▶ [What the task asks]: Give back the entries below verbatim.

▶ [Dataset]:
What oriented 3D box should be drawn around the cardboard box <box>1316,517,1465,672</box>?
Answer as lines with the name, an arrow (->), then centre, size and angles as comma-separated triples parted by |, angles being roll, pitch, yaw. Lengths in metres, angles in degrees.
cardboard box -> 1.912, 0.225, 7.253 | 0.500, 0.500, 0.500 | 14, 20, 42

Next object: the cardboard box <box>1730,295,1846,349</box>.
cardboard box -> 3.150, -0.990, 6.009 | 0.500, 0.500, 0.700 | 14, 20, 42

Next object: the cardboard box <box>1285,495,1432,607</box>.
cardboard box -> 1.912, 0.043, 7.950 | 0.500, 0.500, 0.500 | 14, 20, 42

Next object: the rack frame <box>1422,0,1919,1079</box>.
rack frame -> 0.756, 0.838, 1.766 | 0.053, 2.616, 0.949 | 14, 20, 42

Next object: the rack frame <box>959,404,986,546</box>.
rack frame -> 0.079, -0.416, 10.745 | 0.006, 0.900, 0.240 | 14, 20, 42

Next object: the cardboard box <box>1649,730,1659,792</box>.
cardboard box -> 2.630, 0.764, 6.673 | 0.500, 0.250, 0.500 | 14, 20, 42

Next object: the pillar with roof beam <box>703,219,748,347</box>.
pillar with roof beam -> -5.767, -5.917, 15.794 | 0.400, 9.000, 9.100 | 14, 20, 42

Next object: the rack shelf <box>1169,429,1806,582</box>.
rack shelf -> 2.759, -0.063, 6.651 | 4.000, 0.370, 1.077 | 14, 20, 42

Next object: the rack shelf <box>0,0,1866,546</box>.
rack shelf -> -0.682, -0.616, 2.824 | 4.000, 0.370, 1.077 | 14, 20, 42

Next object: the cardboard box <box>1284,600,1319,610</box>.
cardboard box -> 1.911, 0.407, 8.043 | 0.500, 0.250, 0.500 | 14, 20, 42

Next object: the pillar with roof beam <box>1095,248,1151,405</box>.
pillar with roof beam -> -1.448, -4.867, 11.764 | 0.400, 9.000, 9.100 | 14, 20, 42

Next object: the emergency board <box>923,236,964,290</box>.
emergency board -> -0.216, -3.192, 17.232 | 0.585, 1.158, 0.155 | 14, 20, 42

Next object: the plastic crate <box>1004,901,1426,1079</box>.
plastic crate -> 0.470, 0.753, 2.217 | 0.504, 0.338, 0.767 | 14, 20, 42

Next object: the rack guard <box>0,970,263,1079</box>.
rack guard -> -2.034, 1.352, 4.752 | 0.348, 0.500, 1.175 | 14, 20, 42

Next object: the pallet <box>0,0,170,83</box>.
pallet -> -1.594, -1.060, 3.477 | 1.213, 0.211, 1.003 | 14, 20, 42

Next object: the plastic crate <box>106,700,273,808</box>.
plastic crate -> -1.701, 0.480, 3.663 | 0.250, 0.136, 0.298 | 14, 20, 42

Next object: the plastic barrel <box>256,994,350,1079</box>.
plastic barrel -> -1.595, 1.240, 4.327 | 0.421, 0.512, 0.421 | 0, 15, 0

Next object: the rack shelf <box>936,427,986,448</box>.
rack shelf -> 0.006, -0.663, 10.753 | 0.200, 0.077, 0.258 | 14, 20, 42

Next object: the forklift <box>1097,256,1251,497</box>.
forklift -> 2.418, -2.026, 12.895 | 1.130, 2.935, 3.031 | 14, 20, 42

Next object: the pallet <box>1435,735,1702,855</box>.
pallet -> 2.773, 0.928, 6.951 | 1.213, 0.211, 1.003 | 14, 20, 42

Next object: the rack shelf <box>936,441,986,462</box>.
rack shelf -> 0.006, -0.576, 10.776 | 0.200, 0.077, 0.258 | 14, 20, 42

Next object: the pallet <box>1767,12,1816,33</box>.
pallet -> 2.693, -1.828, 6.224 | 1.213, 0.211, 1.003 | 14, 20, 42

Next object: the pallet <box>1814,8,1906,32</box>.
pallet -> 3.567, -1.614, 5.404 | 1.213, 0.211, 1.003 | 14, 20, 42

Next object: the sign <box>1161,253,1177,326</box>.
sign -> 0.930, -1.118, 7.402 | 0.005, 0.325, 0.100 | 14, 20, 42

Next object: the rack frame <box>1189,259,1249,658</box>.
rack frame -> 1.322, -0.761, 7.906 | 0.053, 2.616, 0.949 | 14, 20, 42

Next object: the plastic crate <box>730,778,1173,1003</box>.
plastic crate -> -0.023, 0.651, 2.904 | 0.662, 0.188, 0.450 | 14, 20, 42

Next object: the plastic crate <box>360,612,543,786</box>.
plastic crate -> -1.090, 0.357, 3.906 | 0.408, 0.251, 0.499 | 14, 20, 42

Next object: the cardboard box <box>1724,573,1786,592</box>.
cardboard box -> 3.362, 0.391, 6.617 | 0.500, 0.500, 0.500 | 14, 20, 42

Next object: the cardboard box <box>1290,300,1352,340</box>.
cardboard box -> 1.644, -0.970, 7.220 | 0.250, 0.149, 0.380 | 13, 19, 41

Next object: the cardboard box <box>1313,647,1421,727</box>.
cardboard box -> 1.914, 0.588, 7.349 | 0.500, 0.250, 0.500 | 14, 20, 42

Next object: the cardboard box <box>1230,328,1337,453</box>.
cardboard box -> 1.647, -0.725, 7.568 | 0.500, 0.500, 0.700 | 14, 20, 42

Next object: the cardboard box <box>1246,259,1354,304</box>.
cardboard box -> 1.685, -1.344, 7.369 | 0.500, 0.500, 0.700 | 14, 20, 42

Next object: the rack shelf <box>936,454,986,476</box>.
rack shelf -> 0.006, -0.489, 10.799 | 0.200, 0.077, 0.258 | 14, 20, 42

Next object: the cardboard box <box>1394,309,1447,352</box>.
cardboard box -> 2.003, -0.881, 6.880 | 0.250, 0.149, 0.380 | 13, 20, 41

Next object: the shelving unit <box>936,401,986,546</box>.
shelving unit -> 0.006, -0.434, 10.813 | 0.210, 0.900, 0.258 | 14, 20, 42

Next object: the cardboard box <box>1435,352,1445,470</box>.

▶ [Response to this exercise]:
What oriented 3D box should be drawn around the cardboard box <box>1316,517,1465,672</box>?
Answer as lines with the name, an arrow (->), then centre, size and angles as comma-separated triples parted by |, angles being roll, pitch, yaw. Lengths in metres, angles in degrees.
cardboard box -> 1.912, 0.225, 7.253 | 0.500, 0.500, 0.500 | 14, 20, 42

Next object: the cardboard box <box>1730,295,1846,349</box>.
cardboard box -> 3.150, -0.990, 6.009 | 0.500, 0.500, 0.700 | 14, 20, 42

Next object: the cardboard box <box>1285,495,1432,607</box>.
cardboard box -> 1.912, 0.043, 7.950 | 0.500, 0.500, 0.500 | 14, 20, 42

Next object: the rack frame <box>1422,0,1919,1079</box>.
rack frame -> 0.756, 0.838, 1.766 | 0.053, 2.616, 0.949 | 14, 20, 42

Next object: the rack frame <box>959,404,986,546</box>.
rack frame -> 0.079, -0.416, 10.745 | 0.006, 0.900, 0.240 | 14, 20, 42

Next object: the cardboard box <box>1649,730,1659,792</box>.
cardboard box -> 2.630, 0.764, 6.673 | 0.500, 0.250, 0.500 | 14, 20, 42

Next object: the pillar with roof beam <box>703,219,748,347</box>.
pillar with roof beam -> -5.767, -5.917, 15.794 | 0.400, 9.000, 9.100 | 14, 20, 42

Next object: the rack shelf <box>1169,429,1806,582</box>.
rack shelf -> 2.759, -0.063, 6.651 | 4.000, 0.370, 1.077 | 14, 20, 42

Next object: the rack shelf <box>0,0,1866,546</box>.
rack shelf -> -0.682, -0.616, 2.824 | 4.000, 0.370, 1.077 | 14, 20, 42

Next object: the cardboard box <box>1284,600,1319,610</box>.
cardboard box -> 1.911, 0.407, 8.043 | 0.500, 0.250, 0.500 | 14, 20, 42

Next object: the pillar with roof beam <box>1095,248,1151,405</box>.
pillar with roof beam -> -1.448, -4.867, 11.764 | 0.400, 9.000, 9.100 | 14, 20, 42

Next object: the emergency board <box>923,236,964,290</box>.
emergency board -> -0.216, -3.192, 17.232 | 0.585, 1.158, 0.155 | 14, 20, 42

Next object: the plastic crate <box>1004,901,1426,1079</box>.
plastic crate -> 0.470, 0.753, 2.217 | 0.504, 0.338, 0.767 | 14, 20, 42

Next object: the rack guard <box>0,970,263,1079</box>.
rack guard -> -2.034, 1.352, 4.752 | 0.348, 0.500, 1.175 | 14, 20, 42

Next object: the pallet <box>0,0,170,83</box>.
pallet -> -1.594, -1.060, 3.477 | 1.213, 0.211, 1.003 | 14, 20, 42

Next object: the plastic crate <box>106,700,273,808</box>.
plastic crate -> -1.701, 0.480, 3.663 | 0.250, 0.136, 0.298 | 14, 20, 42

Next object: the plastic barrel <box>256,994,350,1079</box>.
plastic barrel -> -1.595, 1.240, 4.327 | 0.421, 0.512, 0.421 | 0, 15, 0

Next object: the rack shelf <box>936,427,986,448</box>.
rack shelf -> 0.006, -0.663, 10.753 | 0.200, 0.077, 0.258 | 14, 20, 42

Next object: the forklift <box>1097,256,1251,497</box>.
forklift -> 2.418, -2.026, 12.895 | 1.130, 2.935, 3.031 | 14, 20, 42

Next object: the pallet <box>1435,735,1702,855</box>.
pallet -> 2.773, 0.928, 6.951 | 1.213, 0.211, 1.003 | 14, 20, 42

Next object: the rack shelf <box>936,441,986,462</box>.
rack shelf -> 0.006, -0.576, 10.776 | 0.200, 0.077, 0.258 | 14, 20, 42

Next object: the pallet <box>1767,12,1816,33</box>.
pallet -> 2.693, -1.828, 6.224 | 1.213, 0.211, 1.003 | 14, 20, 42

Next object: the pallet <box>1814,8,1906,32</box>.
pallet -> 3.567, -1.614, 5.404 | 1.213, 0.211, 1.003 | 14, 20, 42

Next object: the sign <box>1161,253,1177,326</box>.
sign -> 0.930, -1.118, 7.402 | 0.005, 0.325, 0.100 | 14, 20, 42

Next object: the rack frame <box>1189,259,1249,658</box>.
rack frame -> 1.322, -0.761, 7.906 | 0.053, 2.616, 0.949 | 14, 20, 42

Next object: the plastic crate <box>730,778,1173,1003</box>.
plastic crate -> -0.023, 0.651, 2.904 | 0.662, 0.188, 0.450 | 14, 20, 42

Next object: the plastic crate <box>360,612,543,786</box>.
plastic crate -> -1.090, 0.357, 3.906 | 0.408, 0.251, 0.499 | 14, 20, 42

Next object: the cardboard box <box>1724,573,1786,592</box>.
cardboard box -> 3.362, 0.391, 6.617 | 0.500, 0.500, 0.500 | 14, 20, 42

Next object: the cardboard box <box>1290,300,1352,340</box>.
cardboard box -> 1.644, -0.970, 7.220 | 0.250, 0.149, 0.380 | 13, 19, 41

Next object: the cardboard box <box>1313,647,1421,727</box>.
cardboard box -> 1.914, 0.588, 7.349 | 0.500, 0.250, 0.500 | 14, 20, 42

Next object: the cardboard box <box>1230,328,1337,453</box>.
cardboard box -> 1.647, -0.725, 7.568 | 0.500, 0.500, 0.700 | 14, 20, 42

Next object: the cardboard box <box>1246,259,1354,304</box>.
cardboard box -> 1.685, -1.344, 7.369 | 0.500, 0.500, 0.700 | 14, 20, 42

Next object: the rack shelf <box>936,454,986,476</box>.
rack shelf -> 0.006, -0.489, 10.799 | 0.200, 0.077, 0.258 | 14, 20, 42

Next object: the cardboard box <box>1394,309,1447,352</box>.
cardboard box -> 2.003, -0.881, 6.880 | 0.250, 0.149, 0.380 | 13, 20, 41

Next object: the shelving unit <box>936,401,986,546</box>.
shelving unit -> 0.006, -0.434, 10.813 | 0.210, 0.900, 0.258 | 14, 20, 42

Next object: the cardboard box <box>1435,352,1445,470</box>.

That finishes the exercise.